(PROMPT) When you reach the line in the data below that contains "#8 light bulb box <box>0,0,96,106</box>", please start repeating lines exactly, and stop after the line that contains "#16 box <box>72,0,134,22</box>", repeating nothing else.

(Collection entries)
++++
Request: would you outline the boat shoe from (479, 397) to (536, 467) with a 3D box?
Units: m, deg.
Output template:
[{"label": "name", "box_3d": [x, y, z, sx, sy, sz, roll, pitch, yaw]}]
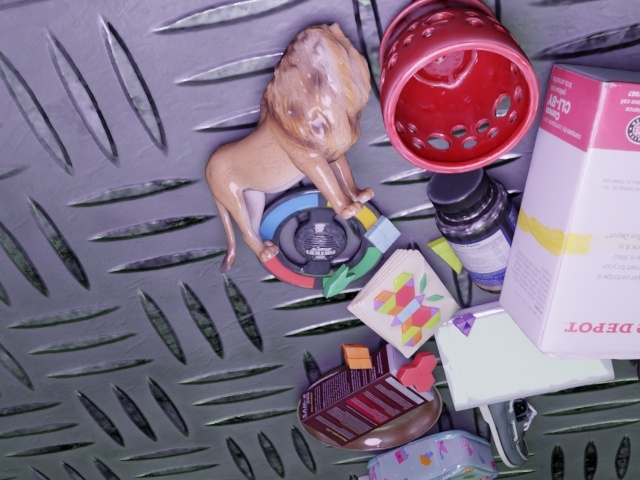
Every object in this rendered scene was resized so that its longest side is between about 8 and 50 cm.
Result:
[{"label": "boat shoe", "box_3d": [0.415, 0.384, 1.480, 0.099, 0.116, 0.319, -17, 125, 18]}]

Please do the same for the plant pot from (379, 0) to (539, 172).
[{"label": "plant pot", "box_3d": [0.169, -0.210, 0.892, 0.191, 0.174, 0.191, -1, 131, -1]}]

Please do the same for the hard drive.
[{"label": "hard drive", "box_3d": [0.387, 0.206, 1.321, 0.307, 0.040, 0.203, -14, 107, 11]}]

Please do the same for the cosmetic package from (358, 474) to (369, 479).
[{"label": "cosmetic package", "box_3d": [0.143, 0.642, 1.752, 0.060, 0.041, 0.115, -17, 130, 13]}]

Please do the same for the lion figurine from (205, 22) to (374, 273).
[{"label": "lion figurine", "box_3d": [-0.069, -0.115, 0.990, 0.392, 0.142, 0.240, -29, 98, 30]}]

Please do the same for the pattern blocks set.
[{"label": "pattern blocks set", "box_3d": [0.150, 0.114, 1.193, 0.324, 0.026, 0.285, 32, 95, -32]}]

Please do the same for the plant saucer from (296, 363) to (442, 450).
[{"label": "plant saucer", "box_3d": [0.104, 0.351, 1.482, 0.310, 0.050, 0.311, -1, 133, -1]}]

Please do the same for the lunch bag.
[{"label": "lunch bag", "box_3d": [0.258, 0.537, 1.602, 0.279, 0.108, 0.224, -30, 144, 27]}]

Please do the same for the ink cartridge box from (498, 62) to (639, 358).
[{"label": "ink cartridge box", "box_3d": [0.443, -0.037, 0.982, 0.279, 0.160, 0.385, 3, 112, -11]}]

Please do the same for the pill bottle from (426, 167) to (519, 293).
[{"label": "pill bottle", "box_3d": [0.259, -0.023, 1.100, 0.122, 0.123, 0.219, -25, 128, 19]}]

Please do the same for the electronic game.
[{"label": "electronic game", "box_3d": [0.000, 0.000, 1.161, 0.229, 0.048, 0.229, -1, 132, -2]}]

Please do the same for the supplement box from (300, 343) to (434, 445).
[{"label": "supplement box", "box_3d": [0.089, 0.310, 1.364, 0.239, 0.073, 0.130, -34, 125, 24]}]

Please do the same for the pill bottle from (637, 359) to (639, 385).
[{"label": "pill bottle", "box_3d": [0.697, 0.225, 1.304, 0.176, 0.176, 0.319, -14, 131, 11]}]
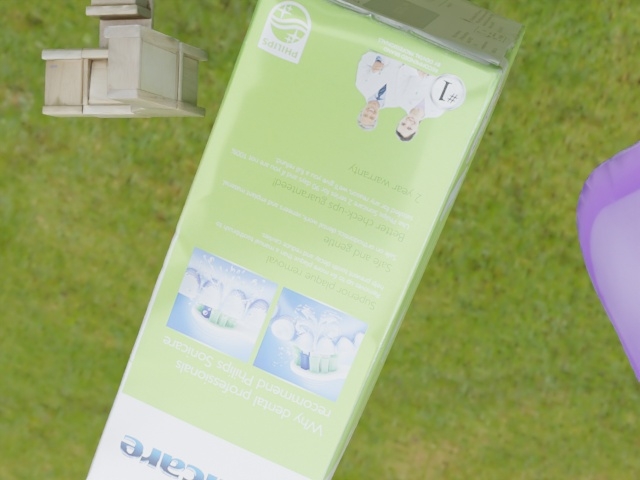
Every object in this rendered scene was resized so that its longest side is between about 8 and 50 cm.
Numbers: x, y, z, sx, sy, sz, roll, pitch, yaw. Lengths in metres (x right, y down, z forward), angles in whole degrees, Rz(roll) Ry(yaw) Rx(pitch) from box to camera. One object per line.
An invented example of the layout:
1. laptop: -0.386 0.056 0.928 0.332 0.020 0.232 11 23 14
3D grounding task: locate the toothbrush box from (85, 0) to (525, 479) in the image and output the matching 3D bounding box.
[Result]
1. toothbrush box: 0.000 0.000 0.695 0.122 0.206 0.283 22 109 6

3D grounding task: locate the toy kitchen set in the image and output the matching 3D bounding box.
1. toy kitchen set: -0.106 -0.097 0.607 0.083 0.068 0.075 1 179 19

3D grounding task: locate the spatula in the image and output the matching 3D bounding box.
1. spatula: 0.115 0.119 0.311 0.030 0.296 0.084 -6 170 -17
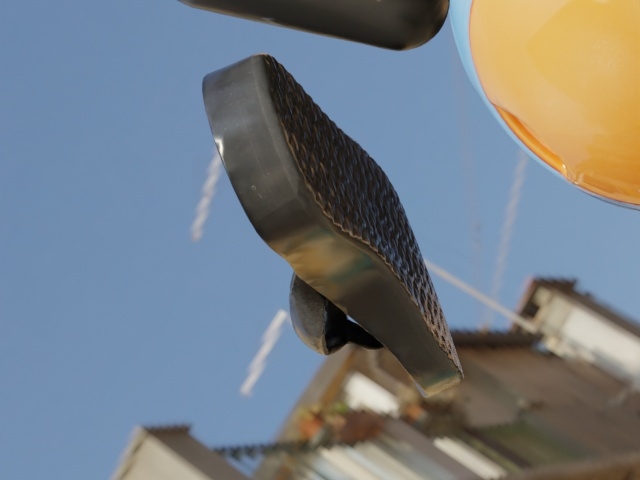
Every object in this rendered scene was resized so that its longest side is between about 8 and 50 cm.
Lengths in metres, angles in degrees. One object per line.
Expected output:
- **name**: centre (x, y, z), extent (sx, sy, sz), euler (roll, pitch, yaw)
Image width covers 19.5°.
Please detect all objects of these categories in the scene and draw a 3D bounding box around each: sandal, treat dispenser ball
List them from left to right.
- **sandal**: centre (0.000, -0.001, 0.767), extent (0.054, 0.097, 0.254), euler (-23, -29, 11)
- **treat dispenser ball**: centre (0.216, -0.156, 1.080), extent (0.288, 0.288, 0.288), euler (-35, -38, -33)

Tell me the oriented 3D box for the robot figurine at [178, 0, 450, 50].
- **robot figurine**: centre (0.013, -0.203, 0.705), extent (0.173, 0.278, 0.209), euler (-80, 6, -56)
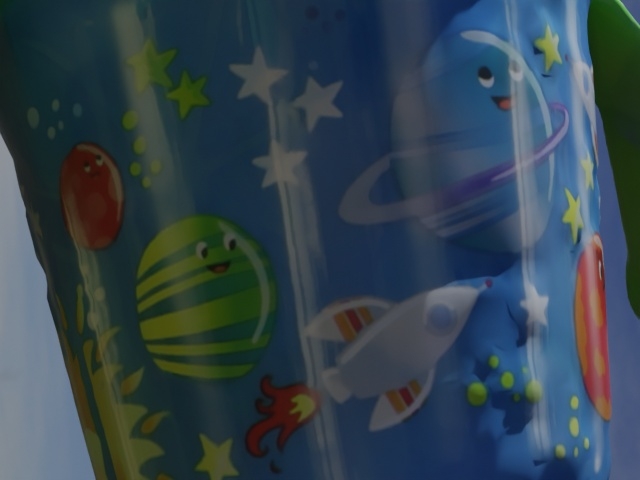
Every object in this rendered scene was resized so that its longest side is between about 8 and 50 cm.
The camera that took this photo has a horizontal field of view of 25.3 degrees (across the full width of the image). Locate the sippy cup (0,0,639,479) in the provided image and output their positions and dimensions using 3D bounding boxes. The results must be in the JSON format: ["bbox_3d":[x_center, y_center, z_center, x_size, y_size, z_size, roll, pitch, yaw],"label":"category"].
[{"bbox_3d":[0.000,0.000,0.499,0.240,0.305,0.224,60,21,-76],"label":"sippy cup"}]
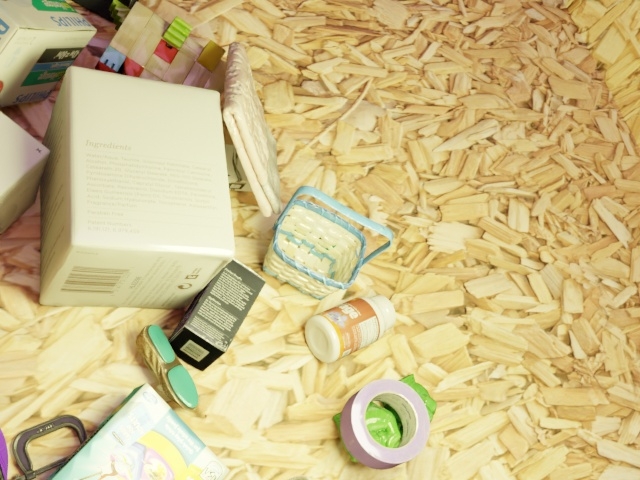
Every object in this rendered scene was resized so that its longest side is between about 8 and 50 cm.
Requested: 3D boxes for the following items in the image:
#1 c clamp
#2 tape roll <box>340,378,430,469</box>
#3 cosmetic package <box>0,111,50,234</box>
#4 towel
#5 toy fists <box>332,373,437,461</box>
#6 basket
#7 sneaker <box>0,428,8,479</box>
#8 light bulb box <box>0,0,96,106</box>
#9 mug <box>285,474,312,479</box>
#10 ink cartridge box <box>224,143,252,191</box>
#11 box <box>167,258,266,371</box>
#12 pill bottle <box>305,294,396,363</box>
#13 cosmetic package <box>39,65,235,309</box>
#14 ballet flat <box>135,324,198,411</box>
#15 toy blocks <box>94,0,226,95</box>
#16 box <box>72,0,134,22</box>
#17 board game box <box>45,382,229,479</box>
[{"bbox_3d":[-0.521,0.416,1.457,0.160,0.022,0.137,-25,75,-35],"label":"c clamp"},{"bbox_3d":[0.144,0.412,1.693,0.189,0.080,0.189,9,61,-16],"label":"tape roll"},{"bbox_3d":[-0.680,-0.099,1.499,0.138,0.224,0.224,40,52,-7],"label":"cosmetic package"},{"bbox_3d":[-0.161,-0.268,1.803,0.053,0.317,0.332,-14,39,6],"label":"towel"},{"bbox_3d":[0.166,0.429,1.800,0.279,0.096,0.142,-20,79,-37],"label":"toy fists"},{"bbox_3d":[0.000,0.000,1.800,0.254,0.289,0.201,30,54,-15],"label":"basket"},{"bbox_3d":[-0.593,0.429,1.326,0.102,0.146,0.293,-2,67,-31],"label":"sneaker"},{"bbox_3d":[-0.731,-0.480,1.572,0.361,0.225,0.358,42,16,-4],"label":"light bulb box"},{"bbox_3d":[0.001,0.657,1.504,0.328,0.276,0.374,48,22,-7],"label":"mug"},{"bbox_3d":[-0.215,-0.185,1.916,0.180,0.060,0.104,2,65,-30],"label":"ink cartridge box"},{"bbox_3d":[-0.232,0.162,1.670,0.108,0.153,0.207,35,52,-10],"label":"box"},{"bbox_3d":[0.078,0.209,1.845,0.216,0.121,0.121,-20,77,-36],"label":"pill bottle"},{"bbox_3d":[-0.401,-0.094,1.592,0.327,0.329,0.394,4,65,-28],"label":"cosmetic package"},{"bbox_3d":[-0.330,0.278,1.609,0.073,0.067,0.206,-13,71,-56],"label":"ballet flat"},{"bbox_3d":[-0.401,-0.391,1.861,0.381,0.190,0.261,33,66,-19],"label":"toy blocks"},{"bbox_3d":[-0.596,-0.774,1.852,0.395,0.293,0.212,27,56,-16],"label":"box"},{"bbox_3d":[-0.374,0.486,1.452,0.254,0.079,0.336,48,52,-7],"label":"board game box"}]
++++
(EXERCISE RESULT)
#8 light bulb box <box>0,0,96,106</box>
#9 mug <box>285,474,312,479</box>
#10 ink cartridge box <box>224,143,252,191</box>
#11 box <box>167,258,266,371</box>
#12 pill bottle <box>305,294,396,363</box>
#13 cosmetic package <box>39,65,235,309</box>
#14 ballet flat <box>135,324,198,411</box>
#15 toy blocks <box>94,0,226,95</box>
#16 box <box>72,0,134,22</box>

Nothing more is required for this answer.